If you are a United States legal permanent resident (“LPR” or “green card holder”), you may be eligible to become a United States citizen. United States (“U.S.”) citizenship opens the door to substantial benefits, including having the right to vote, eligibility for federal benefits or jobs, and unlimited length of international travel.
In order to qualify for citizenship in the United States, LPRs must meet the following requirements:
- Applicant must be admitted to permanent resident status;
- Applicant is at least 18 years of age;
- Applicant has been continuously residing in the U.S. for a minimum period of time (generally 5 years, but 3 years for spouses of U.S. citizens);
- Applicant has been residing in the state of application for a minimum of 3 months;
- Applicant has been physically present in the U.S. for a minimum period (at least half the period of required continuous residence);
- Applicant must reside in the U.S. from the date of filing for naturalization until actual admission to citizenship;
- Applicant is able to read, write, and speak ordinary English;
- Applicant has knowledge of U.S. history and government;
- Applicant has good moral character; and
- Applicant is attached to the principles of the U.S. constitution.

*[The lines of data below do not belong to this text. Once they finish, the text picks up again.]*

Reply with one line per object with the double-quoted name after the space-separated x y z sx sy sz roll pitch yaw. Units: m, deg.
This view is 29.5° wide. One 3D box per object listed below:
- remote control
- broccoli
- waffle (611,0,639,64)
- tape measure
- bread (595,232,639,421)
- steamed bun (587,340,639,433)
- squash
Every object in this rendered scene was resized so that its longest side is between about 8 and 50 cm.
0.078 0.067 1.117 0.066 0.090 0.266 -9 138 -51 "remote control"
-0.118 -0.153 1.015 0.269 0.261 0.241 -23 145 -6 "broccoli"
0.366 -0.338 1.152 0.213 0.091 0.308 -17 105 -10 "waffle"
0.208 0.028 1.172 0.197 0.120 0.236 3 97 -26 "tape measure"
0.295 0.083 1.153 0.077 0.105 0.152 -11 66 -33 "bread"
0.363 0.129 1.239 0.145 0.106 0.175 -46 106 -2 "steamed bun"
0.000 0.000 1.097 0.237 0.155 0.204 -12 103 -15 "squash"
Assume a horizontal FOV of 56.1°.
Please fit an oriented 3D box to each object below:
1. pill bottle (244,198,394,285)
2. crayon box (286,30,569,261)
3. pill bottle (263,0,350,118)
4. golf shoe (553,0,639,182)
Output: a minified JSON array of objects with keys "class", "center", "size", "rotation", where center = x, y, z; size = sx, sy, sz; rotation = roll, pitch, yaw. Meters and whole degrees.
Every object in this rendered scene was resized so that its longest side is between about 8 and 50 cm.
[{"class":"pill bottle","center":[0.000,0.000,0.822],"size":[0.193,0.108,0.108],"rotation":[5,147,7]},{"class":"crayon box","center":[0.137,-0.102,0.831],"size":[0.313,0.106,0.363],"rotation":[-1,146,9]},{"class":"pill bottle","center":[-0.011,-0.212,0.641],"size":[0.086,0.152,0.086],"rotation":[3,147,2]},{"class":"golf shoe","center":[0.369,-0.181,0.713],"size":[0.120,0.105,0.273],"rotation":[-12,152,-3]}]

Determining eligibility for naturalization can be a tricky matter. An application to naturalize invokes the United States Citizenship and Immigration Services (“USCIS”) to perform another review of the applicant’s permanent resident application. If USCIS concludes that the applicant unlawfully obtained LPR status, the finding will render the applicant ineligible for naturalization and may jeopardize the existing LPR status. Additionally, the principal beneficiary’s unlawful procurement of LPR status may affect a derivative beneficiary’s ability to naturalize. Eligibility is further complicated if the applicant has engaged in fraud or any criminal activity.
The following actions undermine a finding of good moral character for naturalization purposes:
- A criminal record, regardless of the nature and date of the criminal conviction;
- Unlawful voting or false claim to U.S. citizenship;
- Tax fraud or willful concealment of income;
- Smuggling of undocumented persons; or
- Giving false testimony for purposes of obtaining immigration benefits.